CEER Paper on Incentives in Regulatory Frameworks with a Focus on OPEX/CAPEX Neutrality
The EU’s climate and energy goals are accelerating electrification across sectors, requiring a major expansion of fossil-free generation and grid infrastructure. EU initiatives such as Fit for 55, REPowerEU, and the Action Plan for Grids highlight the need for cost-effective, flexible, and digital solutions. However, regulatory frameworks often favour CAPEX-heavy investments, making potentially more efficient OPEX-based solutions less attractive. Addressing this bias is vital to support smart, flexible grids.
Context and Purpose
This paper examines the incentives embedded in regulatory frameworks that may inadvertently favour CAPEX over OPEX. In particular, it focuses on two specific sources of CAPEX bias:
- Hybrid regulation bias – where CAPEX and OPEX are treated under different regulatory regimes or with different incentive strengths.

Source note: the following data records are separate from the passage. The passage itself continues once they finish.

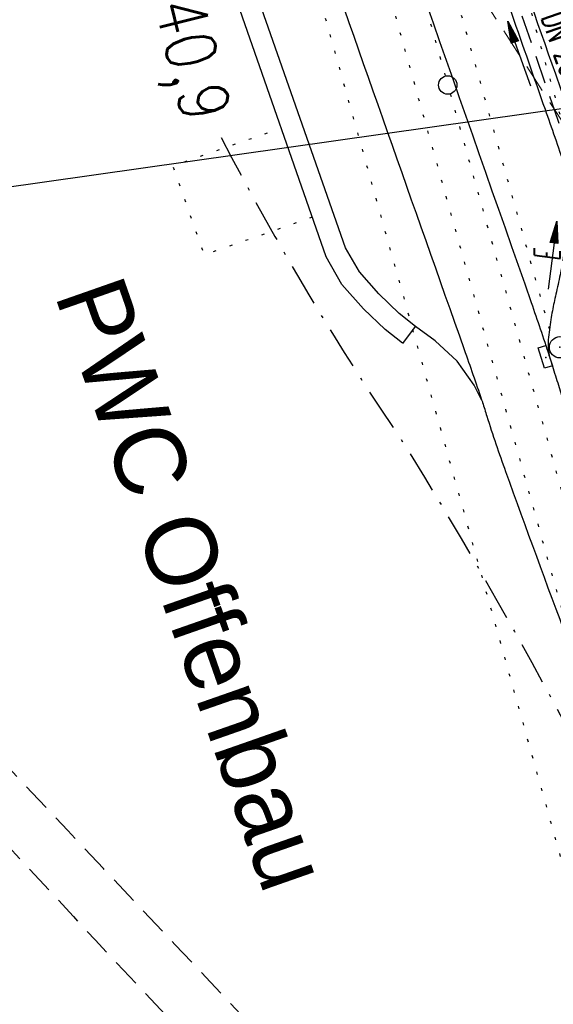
# Model space of a CAD drawing. Extents: x 446577 to 447216, y 443659 to 444842.
# Tile 5 of 177: x 446894 to 446931, y 443810 to 443880. Entities that reach past the tile are written whole.
import ezdxf
from ezdxf.enums import TextEntityAlignment as Align

# ---------------------------------------------------------------- set-up
doc = ezdxf.new("R2010")
doc.units = 0
doc.header["$LTSCALE"] = 2
doc.header["$MEASUREMENT"] = 0
for name, pattern in [('AUSGEZOGEN', [0]), ('BAB-FM2', [2.6, 1.5, -0.5, 0.1, -0.5]), ('GESTRICH-X2', [1.5, 1, -0.5]), ('PUNKTX2_STR', [0.6, 0.1, -0.5])]:
    doc.linetypes.add(name, pattern=pattern)
doc.layers.get('0').update_dxf_attribs({"linetype": 'AUSGEZOGEN'})
for name, color, linetype in [('ANMERKUNG', 7, 'CONTINUOUS'), ('BAB_FM', 5, 'BAB-FM2'), ('Bahnachse', 7, 'CONTINUOUS'), ('FBRTOP', 250, 'AUSGEZOGEN'), ('Gleisachsen', 7, 'CONTINUOUS'), ('Ingenieurbauwerke', 15, 'CONTINUOUS'), ('KANAL', 7, 'GESTRICH-X2'), ('NUTZUNG', 8, 'PUNKTX2_STR'), ('PFEIL', 7, 'CONTINUOUS'), ('Planeinteilung', 250, 'CONTINUOUS'), ('RAHMEN', 7, 'AUSGEZOGEN'), ('SCHLITZRINNE', 200, 'AUSGEZOGEN'), ('SCHRIFT', 7, 'AUSGEZOGEN'), ('SCHSYMBOL', 200, 'AUSGEZOGEN'), ('STRASSE', 250, 'AUSGEZOGEN'), ('TEXTO', 4, 'CONTINUOUS'), ('WEG', 250, 'GESTRICH-X2')]:
    doc.layers.add(name, color=color, linetype=linetype)
doc.styles.add('ROMANS', font='romans.shx', dxfattribs={"width": 0.8})
doc.styles.add('UNIR-O', font='unir_o.shx', dxfattribs={"height": 2.5})

# ---------------------------------------------------------------- blocks, each defined once
blk = doc.blocks.new('30S')
at = {"color": 0}
for p, q in [((-0.751, -0.583), (-0.751, 0)), ((-0.751, 0), (0.751, 0)), ((0.751, 0), (0.751, -0.583)), ((0.751, -0.583), (-0.751, -0.583))]:
    blk.add_line(p, q, dxfattribs=at)
blk.add_point((0, 0), dxfattribs=at)
blk = doc.blocks.new('GST')
at = {"color": 0}
blk.add_circle((0, 0), 0.75, dxfattribs=at)
blk.add_point((0, 0), dxfattribs=at)
blk = doc.blocks.new('10')
blk.add_blockref('GST', (0, 0))
blk = doc.blocks.new('1135420')
at = {"layer": 'RAHMEN'}
blk.add_line((950, 5), (950, 415), dxfattribs=at)
blk = doc.blocks.new('PFEIL2')
at = {"color": 0}
for p, q in [((0.88, 0.002), (-2.401, -0.012)), ((0.881, -0.271), (0.879, 0.276)), ((0.879, 0.276), (2.429, 0.009)), ((0.911, 0.27), (0.879, 0.265)), ((0.965, 0.261), (0.879, 0.246)), ((1.019, 0.252), (0.879, 0.228)), ((1.073, 0.242), (0.879, 0.209)), ((1.127, 0.233), (0.879, 0.191)), ((1.181, 0.224), (0.879, 0.172)), ((1.235, 0.214), (0.879, 0.154)), ((1.289, 0.205), (0.879, 0.135)), ((1.343, 0.196), (0.879, 0.117)), ((1.397, 0.187), (0.879, 0.098)), ((1.451, 0.177), (0.879, 0.08)), ((1.505, 0.168), (0.879, 0.061)), ((1.559, 0.159), (0.88, 0.043)), ((1.613, 0.149), (0.88, 0.024)), ((1.668, 0.14), (0.88, 0.006)), ((1.722, 0.131), (0.88, -0.013)), ((1.776, 0.121), (0.88, -0.031)), ((1.83, 0.112), (0.88, -0.05)), ((1.884, 0.103), (0.88, -0.068)), ((1.938, 0.094), (0.88, -0.087)), ((1.992, 0.084), (0.88, -0.105)), ((2.046, 0.075), (0.88, -0.124)), ((2.1, 0.066), (0.88, -0.142)), ((2.154, 0.056), (0.88, -0.161)), ((2.208, 0.047), (0.88, -0.179)), ((2.262, 0.038), (0.881, -0.198)), ((2.316, 0.029), (0.881, -0.216)), ((2.37, 0.019), (0.881, -0.235)), ((2.424, 0.01), (0.881, -0.253)), ((2.429, 0.009), (0.881, -0.271))]:
    blk.add_line(p, q, dxfattribs=at)

msp = doc.modelspace()

# ---------------------------------------------------------------- linework, layer by layer
at = {"color": 0}
msp.add_point((446930.652, 443856.116), dxfattribs=at)
at = {"layer": 'BAB_FM', "flags": 128}
msp.add_lwpolyline([(446907.736, 443871.618, 0.029826), (446920.778, 443849.819, -0.026843), (446940.011, 443814.418), (446940.648, 443813.135, 0.040013), (446962.986, 443779.495), (446965.138, 443775.204, -0.343593), (446964.346, 443771.555), (446956.984, 443765.535, 0.398511), (446956.832, 443763.357), (446978.31, 443740.079), (447000.468, 443715.992), (447010.904, 443698.036)], format="xyb", dxfattribs=at)
at = {"layer": 'Bahnachse', "color": 7, "linetype": 'PUNKTX2_STR'}
for p, q in [((446912.797, 443914.298), (446923.554, 443875.95)), ((446923.905, 443874.698), (446945.645, 443797.198))]:
    msp.add_line(p, q, dxfattribs=at)
at = {"layer": 'Bahnachse', "color": 7, "linetype": 'Continuous'}
msp.add_circle((446923.73, 443875.324), 0.65, dxfattribs=at)
at = {"layer": 'FBRTOP', "color": 0, "const_width": 0.5}
for points in [[(446936.719, 443959.39, -0.000007), (446940.848, 443947.592, 0.000013), (446944.977, 443935.794, 0.000013), (446949.106, 443923.995, -0.000019), (446953.236, 443912.197, -0.000006), (446957.365, 443900.399, 0.000004), (446961.494, 443888.601, 0.000002), (446973.881, 443853.206, 0.000002), (446986.269, 443817.81, 0.000004), (446998.657, 443782.416, -0.000006), (447011.045, 443747.021, -0.000001), (447016.033, 443732.768, 0.000003)], [(446963.147, 443968.64, -0.000007), (446967.276, 443956.841, 0.000013), (446971.405, 443945.042, 0.000013), (446975.535, 443933.245, -0.000019), (446979.664, 443921.447, -0.000006), (446983.793, 443909.648, 0.000004), (446987.922, 443897.849, 0.000002), (447000.31, 443862.454, 0.000002), (447012.697, 443827.06, 0.000004), (447025.085, 443791.665, -0.000006), (447037.473, 443756.271, 0), (447039.084, 443751.668, 0.000003)], [(446954.889, 443992.234, 0.000003), (446959.018, 443980.437, -0.000018)], [(446928.459, 443982.988, 0.000003), (446932.589, 443971.189, -0.000018)], [(446952.953, 443961.485, 0.000026), (446968.558, 443916.655, 0.000443)], [(446975.672, 443896.342, -0.000082), (446985.547, 443868.172, -0.00001), (446990.142, 443855.056, -0.000011), (446994.25, 443843.328, -0.000533), (447001.752, 443821.837, 0.000455), (447010.521, 443796.702, 0.000701), (447018.513, 443773.963, -0.000624), (447027.494, 443748.425, -0.000234), (447028.928, 443744.324, 0.000022), (447043.482, 443702.654, 0.000434)]]:
    msp.add_lwpolyline(points, format="xyb", dxfattribs=at)
at = {"layer": 'FBRTOP', "color": 0}
msp.add_lwpolyline([(446906.283, 444163.064, 0.003557), (446913.219, 444136.335, 0.004717), (446918.783, 444116.265, 0.000024), (446923.206, 444100.879, 0.003676), (446923.236, 444100.778, 0.000171), (446925.25, 444094.15, 0.000048), (446932.443, 444070.518, 0.000065), (446938.908, 444049.294, 0.003486), (446939.03, 444048.902, 0.003745), (446939.222, 444048.317, 0.000068), (446950.069, 444016.112, 0.000011), (446956.461, 443997.144, 0.001698), (446956.504, 443997.019, 0.000349), (446956.714, 443996.41, 0.000013), (446962.54, 443979.58, 0.000005), (446967.365, 443965.643, 0.00002), (446968.622, 443962.013, 0.001124), (446976.568, 443939.234, -0.000442), (446996.834, 443881.391), (447012.742, 443835.838, 0.000388), (447024.088, 443803.43, 0.00025), (447041.743, 443753.205)], format="xyb", dxfattribs=at)
at = {"layer": 'Gleisachsen', "color": 7, "linetype": 'PUNKTX2_STR'}
for p, q in [((446914.963, 443914.906), (446931.014, 443857.687)), ((446910.631, 443913.691), (446943.479, 443796.59))]:
    msp.add_line(p, q, dxfattribs=at)
at = {"layer": 'Ingenieurbauwerke', "color": 7, "linetype": 'PUNKTX2_STR'}
for p, q in [((446919.585, 443916.202), (446932.839, 443868.951)), ((446906.009, 443912.394), (446938.857, 443795.294))]:
    msp.add_line(p, q, dxfattribs=at)
at = {"layer": 'KANAL', "color": 92, "lineweight": 9, "true_color": 0x00b400}
msp.add_line((446956.484, 443834.646, 451.557), (446918.5, 443893.315, 454.675), dxfattribs=at)
at = {"layer": 'KANAL', "flags": 128}
msp.add_lwpolyline([(446927, 443885.875), (446931.237, 443873.594), (446932.875, 443868.844)], dxfattribs=at)
at = {"layer": 'NUTZUNG', "flags": 128}
msp.add_lwpolyline([(446914.169, 443865.994), (446906.555, 443863.338), (446904.338, 443869.63), (446911.971, 443872.293)], dxfattribs=at)
at = {"layer": 'SCHLITZRINNE', "flags": 128}
msp.add_lwpolyline([(446918.666, 444051.482, 0.001942), (446927.717, 444023.784, 0.002834), (446934.101, 444004.864, 0.000005), (446941.432, 443983.537, 0.000867), (446941.474, 443983.415, 0.000084), (446947.849, 443965.085, 0.000199), (446950.544, 443957.352, 0.000027), (446955.553, 443942.997, 0.000044), (446958.667, 443934.078, 0.000101), (446962.051, 443924.393, 0.000084), (446966.153, 443912.669, 0.000975), (446970.092, 443901.486, -0.001001), (446974.031, 443890.303, -0.000613), (446978.162, 443878.453, 0.000574), (446982.293, 443866.603, 0.000043), (446985.962, 443856.119, 0.000041), (446989.821, 443845.1, 0.000098), (446990.721, 443842.532, -0.000006), (447006.522, 443797.477, -0.000336), (447009.233, 443789.73, -0.000126), (447016.458, 443769.022)], format="xyb", dxfattribs=at)
at = {"layer": 'STRASSE'}
for points in [[(446994.841, 443941.603, -0.000001), (446989.039, 443958.198, -0.000032)], [(447068.931, 443945.908, 0.000002), (447074.525, 443910.767, 0.000014), (447075.333, 443905.695, 0.000003), (447075.577, 443904.158, 0.000002), (447075.88, 443902.258, 0.000405)], [(447057.959, 443995.782, 0.000007), (447066.417, 443943.312, -0.000072)], [(446899.997, 443927.335, 0.000094), (446914.046, 443887.41, 0.000281), (446924.888, 443856.672, -0.002446), (446926.12, 443853.131, -0.007122), (446926.186, 443852.929, 0.001509), (446926.486, 443851.974, 0.009595), (446927.813, 443848.055, 0.003131), (446932.185, 443836.156, 0.018072), (446936.771, 443825.139, 0.015041), (446943.145, 443812.297, 0.021485), (446951.558, 443798.061, 0.023922), (446960.243, 443786.011, 0.001436), (446965.357, 443779.625, 0.003875), (446967.277, 443777.279, 0.002785), (446970.324, 443773.656, -0.000602), (446981.795, 443760.134, -0.0066)], [(446904.187, 443932.717, 0.002502), (446904.221, 443932.481, 0.018117), (446904.227, 443932.449, 0.013937), (446904.597, 443930.992, 0.012403), (446905.098, 443929.378, 0.00549), (446907.803, 443921.656, -0.002156), (446914.822, 443902.04, -0.00051), (446929.618, 443859.983, -0.005768), (446930.88, 443856.247, -0.003771), (446931.116, 443855.5, 0.002087), (446931.539, 443854.15, 0.00965), (446933.614, 443848.029, 0.006021), (446937.137, 443838.612, 0.007914)], [(446963.395, 443791.048, 0.000903), (446963.475, 443790.95, 0.008098), (446964.815, 443789.354, 0.044964), (446965.487, 443788.707, 0.04079), (446966.339, 443788.131, 0.158037), (446967.576, 443787.881, 0.469329), (446967.853, 443788.304, 0.009198), (446967.52, 443789.322, 0.000223), (446952.986, 443831.009, 0.000004), (446936.423, 443878.447, -0.000017), (446932.249, 443890.404, -0.0013), (446927.963, 443902.785, 0.001293), (446923.656, 443915.228, 0.025648), (446922.292, 443918.574, 0.024383), (446920.513, 443921.932, 0.071691), (446919.532, 443923.147, 0.016707), (446914.498, 443927.52, 0.052871), (446911.116, 443929.717, 0.037612), (446905.892, 443931.897)], [(446914.209, 443922.187, -0.028171), (446914.973, 443921.354, -0.038101), (446915.451, 443920.668, -0.018882), (446916.027, 443919.602, -0.029568), (446916.327, 443918.889, -0.001131), (446917.852, 443914.537, 0.000605), (446920.696, 443906.394, 0.000001), (446923.77, 443897.627, 0.000001), (446927.312, 443887.524, 0.000202), (446931.322, 443876.102, -0.000426), (446933.217, 443870.696, -0.025457), (446933.502, 443869.724, -0.019771), (446933.66, 443868.926, -0.02552)]]:
    msp.add_lwpolyline(points, format="xyb", dxfattribs=at)
at = {"layer": 'STRASSE', "flags": 128}
msp.add_lwpolyline([(446905.098, 443929.378, 0.025468), (446905.633, 443928.057, 0.041972), (446906.063, 443927.305, 0.006944), (446907.076, 443925.878, 0.034156), (446907.305, 443925.606, 0.011276), (446907.657, 443925.257, 0.011021), (446908.033, 443924.917, 0.038488), (446909.751, 443923.646, -0.02626), (446912.312, 443921.847, -0.007183), (446913.048, 443921.253, -0.013642), (446913.422, 443920.924, -0.071228), (446914.099, 443920.088, -0.046755), (446914.802, 443918.612, -0.002754), (446916.007, 443915.267, -0.000977), (446919.331, 443905.818, 0.000001), (446922.499, 443896.756, 0.000003), (446925.908, 443887.005, 0.000075), (446930.593, 443873.612, -0.000254), (446931.97, 443869.669, -0.041036), (446932.085, 443869.226, -0.017291), (446932.233, 443868.151, -0.026197), (446932.296, 443866.9, -0.025612), (446932.227, 443865.62, -0.012326), (446932.004, 443863.905, -0.0107), (446931.656, 443861.944, -0.00759), (446931.36, 443860.571, 0.008891), (446931.111, 443859.398, 0.01286), (446931.007, 443858.78, 0.005594), (446930.822, 443857.351, 0.042618), (446930.812, 443857.038, 0.016771), (446930.88, 443856.247)], format="xyb", dxfattribs=at)
at = {"layer": 'STRASSE'}
for points in [[(446921.458, 443858.304), (446920.296, 443859.211), (446918.874, 443860.594), (446917.492, 443862.147), (446916.519, 443863.847), (446910.106, 443882.099)], [(446920.528, 443857.112), (446919.301, 443858.07), (446917.781, 443859.548), (446916.258, 443861.259), (446915.138, 443863.216), (446908.721, 443881.609)], [(446926.12, 443853.131), (446925.587, 443854.153), (446924.389, 443855.855), (446922.835, 443857.289), (446921.458, 443858.304)]]:
    msp.add_lwpolyline(points, dxfattribs=at)
at = {"layer": 'STRASSE', "flags": 128}
msp.add_lwpolyline([(446920.557, 443857.089), (446921.458, 443858.304)], dxfattribs=at)
at = {"layer": 'WEG'}
for points in [[(447008.284, 443697.665, 0.008304), (447006.381, 443701.537, 0.034412), (447002.925, 443707.273, 0.024481), (446996.978, 443714.936, 0.010018), (446981.195, 443732.608, 0.000195), (446953.17, 443762.726, 0.000666), (446944.962, 443771.517, 0.000046), (446941.056, 443775.688, 0.000009), (446922.08, 443795.949, 0.001109), (446881.764, 443838.802, 0.00487), (446872.464, 443848.453, 0.033993), (446870.176, 443850.485, 0.027932), (446867.108, 443852.595, 0.056779), (446865.132, 443853.509, 0.044375), (446862.423, 443854.146, 0.066457), (446859.151, 443854.177, 0.07715), (446856.435, 443853.405, 0.026945), (446855.343, 443852.829, 0.005039), (446849.713, 443849.386, 0.024312), (446844.157, 443845.523, 0.01939), (446837.642, 443840.09)], [(446839.503, 443837.192, -0.024299), (446846.088, 443843.08, -0.028596), (446852.182, 443847.465, -0.002657), (446855.649, 443849.645, -0.018724), (446856.154, 443849.933, -0.064132), (446858.234, 443850.699, -0.052142), (446860.936, 443851.027, -0.051497), (446862.977, 443850.85, -0.064077), (446864.543, 443850.336, -0.046861), (446866.851, 443848.956, -0.040142), (446869.225, 443846.904, -0.010587), (446882.06, 443833.308, 0.005484), (446906.566, 443806.811, 0.000342), (446936.107, 443775.608, -0.000702), (446950.465, 443760.42, -0.001926), (446960.591, 443749.595, -0.000804), (446984.714, 443723.524, -0.009458), (446993.661, 443713.448, -0.013174), (446999.75, 443705.93, -0.048866), (447004.434, 443698.406, -0.003155), (447005.019, 443697.202, -0.007405)]]:
    msp.add_lwpolyline(points, format="xyb", dxfattribs=at)

# ---------------------------------------------------------------- block references
at = {"layer": 'PFEIL'}
for p, rotation in [((446928.763, 443877.524), 109.0714000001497), ((446931.125, 443863.309), 82.5065999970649)]:
    msp.add_blockref('PFEIL2', p, dxfattribs=dict(at, rotation=rotation))
at = {"layer": 'Planeinteilung', "linetype": 'Continuous', "rotation": 278.0670990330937}
msp.add_blockref('1135420', (446577.279, 444782.92), dxfattribs=at)
at = {"layer": 'SCHSYMBOL'}
for name, p, rotation in [('10', (446931.648, 443856.827), 289.2892), ('30S', (446930.882, 443856.24), 287.7711351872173)]:
    msp.add_blockref(name, p, dxfattribs=dict(at, rotation=rotation))

# ---------------------------------------------------------------- texts
at = {"layer": 'ANMERKUNG', "style": 'ROMANS', "oblique": 7, "width": 0.5}
msp.add_text('E', height=1.8, rotation=90, dxfattribs=at).set_placement((446931.656, 443862.944))
at = {"layer": 'Bahnachse', "color": 7, "linetype": 'Continuous', "style": 'ROMANS', "oblique": 360, "width": 0.8334}
msp.add_text('40,9', height=3.5, rotation=283.89908, dxfattribs=at).set_placement((446903.014, 443880.986))
at = {"layer": 'SCHRIFT', "style": 'UNIR-O'}
msp.add_text('PWC Offenbau', height=5, rotation=289.29073, dxfattribs=at).set_placement((446895.962, 443860.537))
at = {"layer": 'TEXTO', "style": 'ROMANS', "width": 0.6}
msp.add_text('KMZR DN 250', height=1.8, rotation=289.0714, dxfattribs=at).set_placement((446930.431, 443879.74), align=Align.CENTER)

doc.saveas('drawing.dxf')

- Operator bias for stable returns – where CAPEX is preferred because it offers long-term, predictable returns, unlike OPEX-based approaches.
The goal of the paper is to identify practical regulatory instruments and design features - based on literature and current national practices - that can help mitigate these biases and promote OPEX/CAPEX neutrality.
Key Findings
- Technological neutrality is essential for ensuring network operators choose the most cost-effective solutions, regardless of whether they are CAPEX- or OPEX-based.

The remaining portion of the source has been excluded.